The police eventually left after having calmed things down, but Ruth persisted in her demands to see David who, true to form, would be cowering somewhere, anywhere away from a potential source of violence. The Findlaters recalled the police, but by the time they had arrived, Desmond had coaxed Ruth into his car and driven off.

David was indeed staying at 29 Tanza Road. He had met up with Ant and Carole at the Magdala for drinks that Friday lunchtime. He told them, "Im supposed to be calling for Ruth at eight to-night. I cant stand it any longer, I want to get away from her."

Carole had chided David, telling him, "that any man can leave any woman."

In an amazingly well timed and prophetic statement, David had replied, "You dont know her, you dont know what she can do." Within 60 hours, they would find out.

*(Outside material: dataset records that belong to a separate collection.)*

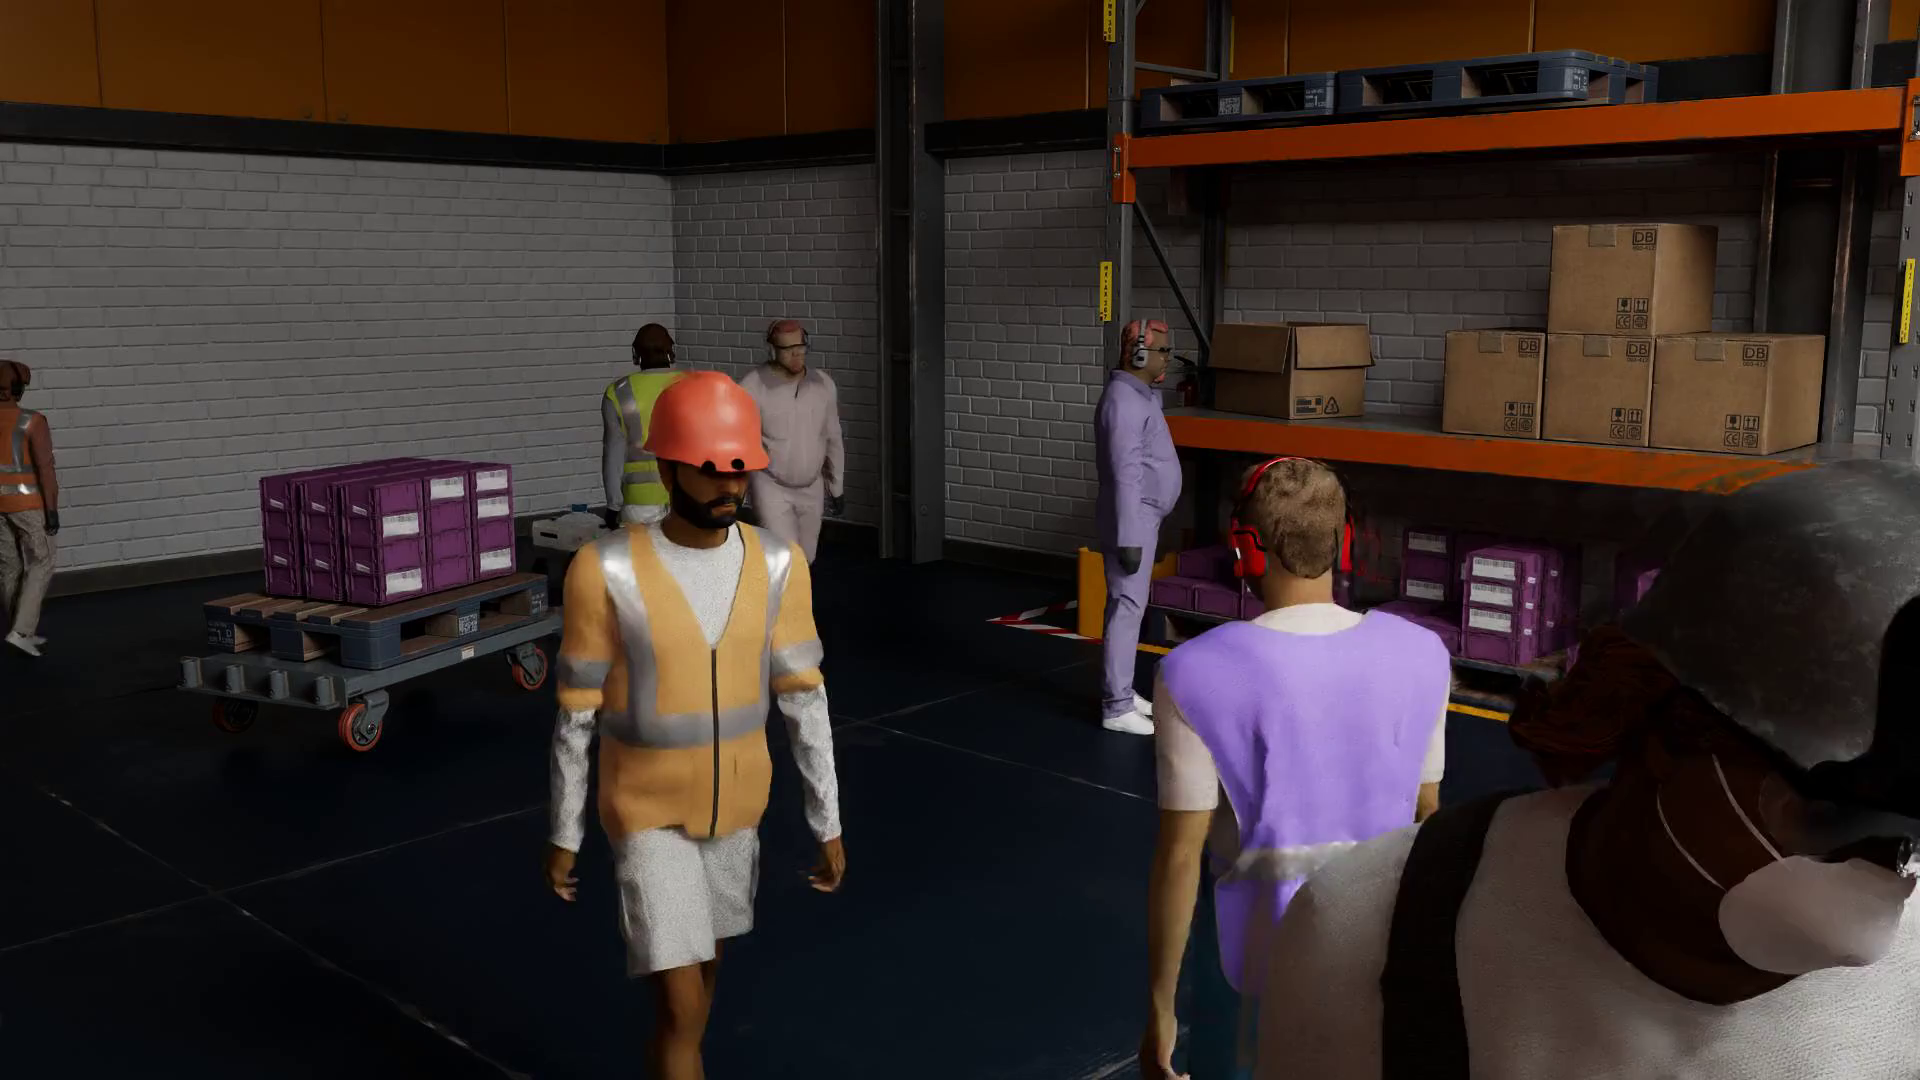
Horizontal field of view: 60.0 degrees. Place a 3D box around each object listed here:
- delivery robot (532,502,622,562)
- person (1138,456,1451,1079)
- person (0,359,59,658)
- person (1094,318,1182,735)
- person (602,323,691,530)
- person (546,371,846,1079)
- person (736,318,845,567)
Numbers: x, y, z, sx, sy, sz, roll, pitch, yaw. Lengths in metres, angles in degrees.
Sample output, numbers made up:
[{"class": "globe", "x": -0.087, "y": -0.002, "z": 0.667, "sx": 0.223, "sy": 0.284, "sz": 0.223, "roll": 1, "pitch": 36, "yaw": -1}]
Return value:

Ant and Carole persuaded David to stay with them over the Easter weekend. On Saturday morning, Ruth again telephoned the Findlaters address. The phone was lifted and then clicked down on her. Seething with anger and frustration, she went by taxi back into Hampstead and hid in the doorway of a house in Tanza Road, just down the street from number 29. She saw Ant and David come out of the house about ten oclock, inspect the damage she had done to the Vanguard and then drive off. She guessed, correctly, that they were heading into Mayfair to a garage owned by another of Davids motoring friends, Clive Gunnell. She waited a while and then, using a public telephone box, rang Findlaters' number, only to have Ant hang up on her again.

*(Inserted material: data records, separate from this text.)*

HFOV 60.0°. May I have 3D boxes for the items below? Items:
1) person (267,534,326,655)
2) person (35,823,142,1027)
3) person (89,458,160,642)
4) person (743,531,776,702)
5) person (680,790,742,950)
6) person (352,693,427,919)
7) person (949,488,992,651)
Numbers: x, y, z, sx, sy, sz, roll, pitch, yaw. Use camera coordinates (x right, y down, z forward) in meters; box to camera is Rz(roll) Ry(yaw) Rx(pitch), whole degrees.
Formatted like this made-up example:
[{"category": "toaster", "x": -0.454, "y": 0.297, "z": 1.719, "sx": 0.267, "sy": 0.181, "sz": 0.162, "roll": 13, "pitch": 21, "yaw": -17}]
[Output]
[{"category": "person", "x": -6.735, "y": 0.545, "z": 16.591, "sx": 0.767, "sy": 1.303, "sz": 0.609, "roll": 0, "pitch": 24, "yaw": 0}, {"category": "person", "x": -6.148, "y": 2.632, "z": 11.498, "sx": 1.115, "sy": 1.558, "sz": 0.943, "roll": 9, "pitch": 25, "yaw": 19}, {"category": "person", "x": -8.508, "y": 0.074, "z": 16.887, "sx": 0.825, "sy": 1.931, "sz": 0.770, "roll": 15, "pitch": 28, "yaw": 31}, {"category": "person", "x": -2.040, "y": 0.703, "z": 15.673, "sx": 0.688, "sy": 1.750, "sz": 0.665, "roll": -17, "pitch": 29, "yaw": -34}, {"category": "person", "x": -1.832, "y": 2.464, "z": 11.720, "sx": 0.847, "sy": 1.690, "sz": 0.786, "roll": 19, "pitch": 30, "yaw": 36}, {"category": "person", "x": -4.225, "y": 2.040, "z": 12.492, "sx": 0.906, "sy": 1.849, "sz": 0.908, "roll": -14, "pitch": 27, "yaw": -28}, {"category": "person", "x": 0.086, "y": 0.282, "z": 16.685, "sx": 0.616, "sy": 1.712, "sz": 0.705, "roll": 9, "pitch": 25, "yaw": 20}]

Ruth returned to her flat in Egerton Gardens, made lunch for Andy and then packed him off to spend the day on his own at London Zoo in Regents Park. At about two oclock in the afternoon, Desmond drove her back yet again into Hampstead and dropped her off in Tanza Road. She had now convinced herself that David was having an affair with the nanny. A stout, buxom young woman of only nineteen, she was definitely not the prototype Blakely femme fatale. But by now, Ruth was losing control and was prepared to believe anything.

About four-thirty in the afternoon she saw the Findlaters, David and the nanny carrying the baby, leave the flat and drive away. Desmond picked her up and they drove back to her place. She fed Andy who had returned from his lonely expedition to the zoo, packed him off to bed, and then she had Desmond come around to pick her up. Their destination was yet again the northern suburb of Hampstead.

This was the fourth time in twenty-four hours she had made this pilgrimage to the house in Tanza Road. Although she had sighted David, she had not spoken to him since he had left her on Friday morning.

The Findlaters were hosting a party and the window of their second floor flat was open, voices drifting down into the dark, shadowy street. Consumed with jealousy and hate, she paced up and down the street, chain smoking, and no doubt ruminating on what had brought her to this junction in her sad and troubled life.

Because of David, she had lost her job. Because of David, she had lost the comfort and security of Desmond Cussens comfortable and expensive home at Goodwood Court. Because of David, she was broke. When she was arrested, she had six copper pennies in her handbag and her bank account was cleared out. She was sick and tired of waking up every morning feeling sick and tired; she had not slept for forty-eight hours. She was taking drugs -- tranquillisers prescribed by Doctor Rees -- and drinking heavily.

Eventually, Desmond persuaded her to go home and in the early hours of Sunday morning they returned to her flat. She would spend another restless and troubled night, fuelled by drugs and alcohol. By the breaking of the dawn, she would have made up her mind and committed herself to the only course of action she felt left open.